Anyone ever used this stuff? Any and all thoughts please :aok:


----------



## Dr. Green Fang (Nov 2, 2014)

Anyone at all?


----------



## Hushpuppy (Nov 2, 2014)

I may have the same or similar stuff. It is "Safer's" but not sure if it is "end all" or not but I do recall that it has neem and some other stuff. I think its supposed to fight fungus as well as bugs. I haven't had enough issues with bugs to know how it works.


----------



## Dr.
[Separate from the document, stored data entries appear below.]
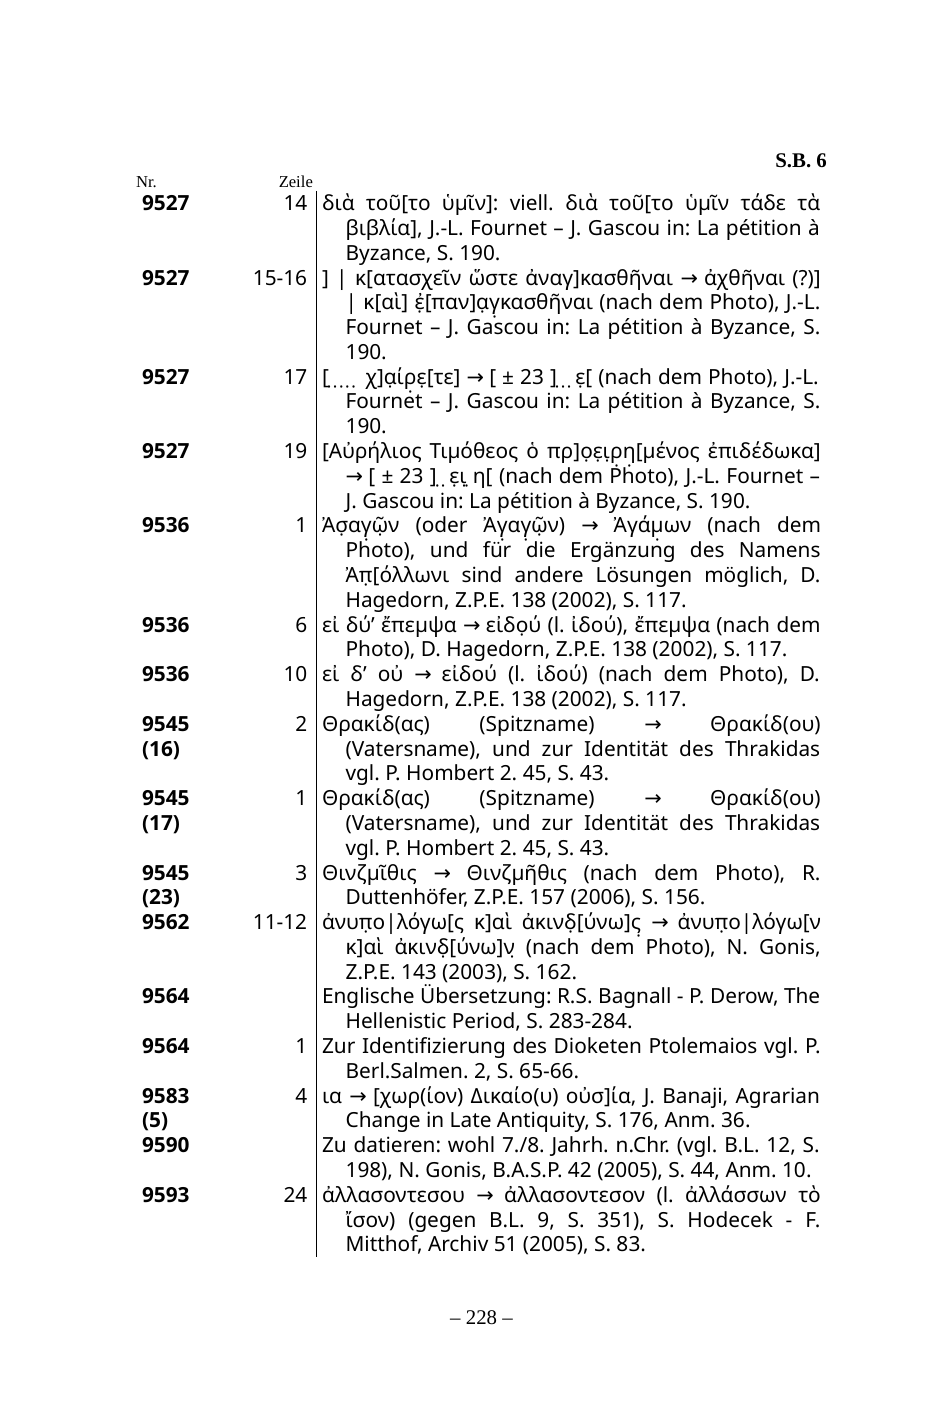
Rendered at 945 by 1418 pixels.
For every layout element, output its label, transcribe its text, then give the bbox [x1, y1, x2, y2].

table_cell [224, 1133, 316, 1182]
table_cell 9536 [136, 662, 224, 711]
table_cell 9562 [136, 910, 224, 984]
table_cell 9527 [136, 265, 224, 364]
table_cell Θινζμῖθις → Θινζμῆθις (nach dem Photo), R. Duttenhöfer, Z.P.E. 157 (2006), S. 156. [317, 860, 827, 910]
table_cell 2 [224, 711, 316, 786]
table_cell 6 [224, 612, 316, 662]
table_cell εἰ δύ’ ἔπεμψα → εἰδο̣ύ (l. ἰδού), ἔπεμψα (nach dem Photo), D. Hagedorn, Z.P.E. 138 (2002), S. 117. [317, 612, 827, 662]
table_cell 9545 (16) [136, 711, 224, 786]
table_cell 1 [224, 513, 316, 612]
table_cell 4 [224, 1083, 316, 1133]
table_cell 9590 [136, 1133, 224, 1182]
table_cell εἰ δ’ οὐ → εἰδού (l. ἰδού) (nach dem Photo), D. Hagedorn, Z.P.E. 138 (2002), S. 117. [317, 662, 827, 711]
table_cell Ἀσ̣αγ̣ῶ̣ν (oder Ἀγ̣αγ̣ῶ̣ν) → Ἀγάμ̣ων (nach dem Photo), und für die Ergänzung des Namens Ἀπ̣[όλλωνι sind andere Lösungen möglich, D. Hagedorn, Z.P.E. 138 (2002), S. 117. [317, 513, 827, 612]
table_cell 9545 (17) [136, 786, 224, 860]
table_cell 1 [224, 786, 316, 860]
table_cell 9545 (23) [136, 860, 224, 910]
table_cell Θρακίδ(ας) (Spitzname) → Θρακίδ(ου) (Vatersname), und zur Identität des Thrakidas vgl. P. Hombert 2. 45, S. 43. [317, 711, 827, 786]
table_cell 9527 [136, 439, 224, 513]
table_cell ια → [χωρ(ίον) Δικαίο(υ) οὐσ]ία, J. Banaji, Agrarian Change in Late Antiquity, S. 176, Anm. 36. [317, 1083, 827, 1133]
table_cell Zu datieren: wohl 7./8. Jahrh. n.Chr. (vgl. B.L. 12, S. 198), N. Gonis, B.A.S.P. 42 (2005), S. 44, Anm. 10. [317, 1133, 827, 1182]
table_cell 9536 [136, 612, 224, 662]
table_cell 15-16 [224, 265, 316, 364]
table_cell 9593 [136, 1183, 224, 1257]
table_cell 1 [224, 1034, 316, 1083]
table_cell [Αὐρήλιος Τιμόθεος ὁ πρ]ο̣ε̣ι̣ρ̣η̣[μένος ἐπιδέδωκα] → [ ± 23 ] ̣ ̣ε̣ι̣ ̣η[ (nach dem Photo), J.-L. Fournet – J. Gascou in: La pétition à Byzance, S. 190. [317, 439, 827, 513]
table_cell 9527 [136, 364, 224, 439]
table_cell 9564 [136, 1034, 224, 1083]
table_cell ἀνυπ̣ο|λόγω[ς κ]αὶ ἀκινδ̣[ύνω]ς̣ → ἀνυπ̣ο|λόγω[ν κ]αὶ ἀκινδ̣[ύνω]ν̣ (nach dem Photo), N. Gonis, Z.P.E. 143 (2003), S. 162. [317, 910, 827, 984]
table_cell ] | κ[ατασχεῖν ὥστε ἀναγ]κασθῆναι → ἀχθῆναι (?)] | κ[αὶ] ἐ̣[παν]α̣γ̣κασθῆναι (nach dem Photo), J.-L. Fournet – J. Gascou in: La pétition à Byzance, S. 190. [317, 265, 827, 364]
table_cell [ ̣ ̣ ̣ ̣ ̣ χ]α̣ίρ̣ε̣[τε] → [ ± 23 ] ̣ ̣ ̣ε̣[ (nach dem Photo), J.-L. Fournet – J. Gascou in: La pétition à Byzance, S. 190. [317, 364, 827, 439]
table_cell ἀλλασοντεσου → ἀλλασοντεσον (l. ἀλλάσσων τὸ ἴσον) (gegen B.L. 9, S. 351), S. Hodecek - F. Mitthof, Archiv 51 (2005), S. 83. [317, 1183, 827, 1257]
table_cell Englische Übersetzung: R.S. Bagnall - P. Derow, The Hellenistic Period, S. 283-284. [317, 984, 827, 1034]
table_cell Θρακίδ(ας) (Spitzname) → Θρακίδ(ου) (Vatersname), und zur Identität des Thrakidas vgl. P. Hombert 2. 45, S. 43. [317, 786, 827, 860]
table_cell 14 [224, 191, 316, 265]
table_cell 3 [224, 860, 316, 910]
table_cell 9583 (5) [136, 1083, 224, 1133]
table_cell Zur Identifizierung des Dioketen Ptolemaios vgl. P. Berl.Salmen. 2, S. 65-66. [317, 1034, 827, 1083]
table_cell διὰ τοῦ[το ὑμῖν]: viell. διὰ τοῦ[το ὑμῖν τάδε τὰ βιβλία], J.-L. Fournet – J. Gascou in: La pétition à Byzance, S. 190. [317, 191, 827, 265]
table_cell 10 [224, 662, 316, 711]
table_cell 11-12 [224, 910, 316, 984]
table_cell [224, 984, 316, 1034]
table_cell 9527 [136, 191, 224, 265]
table_cell 19 [224, 439, 316, 513]
table_cell 24 [224, 1183, 316, 1257]
table_cell 9536 [136, 513, 224, 612]
table_cell 9564 [136, 984, 224, 1034]
table_cell 17 [224, 364, 316, 439]

Green Fang (Nov 2, 2014)

Thanks for checking in HP :aok:


----------



## Dman1234 (Nov 3, 2014)

I have used it for years for several different reasons on several different plants, works good for its intended purpose, its available in a concentrate ans is much cheaper than the ready to use spray.


----------



## Dr. Green Fang (Nov 3, 2014)

Nice, thanks Dman! 

I just bought the ready to use, as I have a rather small setup here (in my opinion) and a premixed bottle will give me 2-3 full applications... and it was less than ten bucks hah  

Great to know you've used it. Have you notice the use of it with Thrips before? That's what I'm battling.


----------



## Rosebud (Nov 3, 2014)

It will work on thrip if you follow the directions perfectly and spray perfectly. After three or more uses some bugs will get immune to it.


----------